Personal information
- Date of birth: 12 August 1953
- Place of birth: Marseille, France
- Date of death: 12 January 2026 (aged 72)
- Place of death: Boulogne-Billancourt, France
- Height: 1.82 m (6 ft 0 in)
- Position: Defender

Youth career
- 1966–1971: Marseille

Senior career*
- Years: Team / Apps / (Gls)
- 1971–1972: Marseille / 3 / (1)
- 1972–1973: Ajaccio / 26 / (1)
- 1973–1974: Olympiacos / 4 / (0)
- 1974–1977: Sochaux / 102 / (0)
- 1977–1982: Monaco / 124 / (2)
- 1982–1985: Toulon / 85 / (1)
- Total:  / 344 / (5)

Managerial career
- 1986–1990: Toulon
- 1991–1992: US Marseille Endoume
- 1992–1994: Bordeaux
- 1994–1995: Toulouse
- 1996–1997: Bordeaux
- 1997–1999: Marseille
- 2000–2001: Lens
- 2001–2003: Ajaccio
- 2003: Al-Wahda
- 2004: Alania Vladikavkaz
- 2004–2006: Ajaccio
- 2007–2009: Montpellier
- 2012: Niger
- 2012: Sion
- 2012–2013: USM Alger
- 2013–2015: Montpellier
- 2016: Rennes

= Rolland Courbis =

French football player and manager (1953–2026)
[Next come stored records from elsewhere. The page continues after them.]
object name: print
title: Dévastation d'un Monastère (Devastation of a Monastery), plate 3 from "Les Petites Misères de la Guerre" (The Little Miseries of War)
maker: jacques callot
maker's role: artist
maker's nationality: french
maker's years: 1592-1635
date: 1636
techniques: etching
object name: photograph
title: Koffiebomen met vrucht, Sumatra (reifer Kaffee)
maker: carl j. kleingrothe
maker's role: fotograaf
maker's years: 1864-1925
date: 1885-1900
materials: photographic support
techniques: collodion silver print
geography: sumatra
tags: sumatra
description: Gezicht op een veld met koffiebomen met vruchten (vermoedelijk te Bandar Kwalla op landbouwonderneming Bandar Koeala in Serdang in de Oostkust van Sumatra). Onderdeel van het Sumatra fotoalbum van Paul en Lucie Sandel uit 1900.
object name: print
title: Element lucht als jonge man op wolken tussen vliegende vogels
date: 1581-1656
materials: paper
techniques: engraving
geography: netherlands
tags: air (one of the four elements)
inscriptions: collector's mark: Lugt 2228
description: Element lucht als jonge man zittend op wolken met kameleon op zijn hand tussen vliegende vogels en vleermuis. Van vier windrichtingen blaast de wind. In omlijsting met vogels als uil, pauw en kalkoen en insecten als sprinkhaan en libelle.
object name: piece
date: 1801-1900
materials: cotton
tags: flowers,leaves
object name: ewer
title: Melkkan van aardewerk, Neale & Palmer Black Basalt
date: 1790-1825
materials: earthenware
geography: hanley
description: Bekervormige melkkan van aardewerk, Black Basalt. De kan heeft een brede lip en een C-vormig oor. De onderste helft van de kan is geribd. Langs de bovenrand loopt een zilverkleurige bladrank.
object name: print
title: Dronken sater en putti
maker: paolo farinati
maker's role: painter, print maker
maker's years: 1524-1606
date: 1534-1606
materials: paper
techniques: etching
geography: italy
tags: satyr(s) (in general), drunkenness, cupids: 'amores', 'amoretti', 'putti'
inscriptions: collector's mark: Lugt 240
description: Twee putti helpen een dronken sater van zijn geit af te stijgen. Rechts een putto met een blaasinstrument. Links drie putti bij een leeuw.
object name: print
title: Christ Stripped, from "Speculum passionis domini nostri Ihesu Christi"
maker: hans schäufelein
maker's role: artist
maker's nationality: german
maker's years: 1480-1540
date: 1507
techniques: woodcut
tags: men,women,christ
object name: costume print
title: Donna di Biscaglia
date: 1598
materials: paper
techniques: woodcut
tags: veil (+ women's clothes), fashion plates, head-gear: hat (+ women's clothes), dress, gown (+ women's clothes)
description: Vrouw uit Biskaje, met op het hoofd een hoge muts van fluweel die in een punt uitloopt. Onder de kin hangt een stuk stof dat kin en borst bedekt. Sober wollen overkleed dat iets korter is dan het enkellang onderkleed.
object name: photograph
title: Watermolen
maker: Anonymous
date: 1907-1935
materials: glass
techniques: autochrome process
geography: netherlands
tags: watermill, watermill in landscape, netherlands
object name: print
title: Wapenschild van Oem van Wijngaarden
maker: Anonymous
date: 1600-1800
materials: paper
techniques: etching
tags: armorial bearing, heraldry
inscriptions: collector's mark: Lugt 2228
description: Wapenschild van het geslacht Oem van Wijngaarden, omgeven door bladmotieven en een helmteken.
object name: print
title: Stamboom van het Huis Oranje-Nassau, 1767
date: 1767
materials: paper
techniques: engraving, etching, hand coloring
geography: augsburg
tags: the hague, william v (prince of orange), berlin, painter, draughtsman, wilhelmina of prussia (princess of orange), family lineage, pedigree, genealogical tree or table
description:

Rolland Courbis (/fr/; 12 August 1953 – 12 January 2026) was a French football manager and professional player who played as a defender.

== Career ==
Born in Marseille, Courbis played for Marseille, Ajaccio, Olympiacos, Sochaux, Monaco and Toulon.

Courbis coached Toulon, US Marseille Endoume, Bordeaux, Toulouse, Marseille, Lens, Ajaccio, Al-Wahda, Russian Alania Vladikavkaz, Montpellier HSC, Niger and Sion.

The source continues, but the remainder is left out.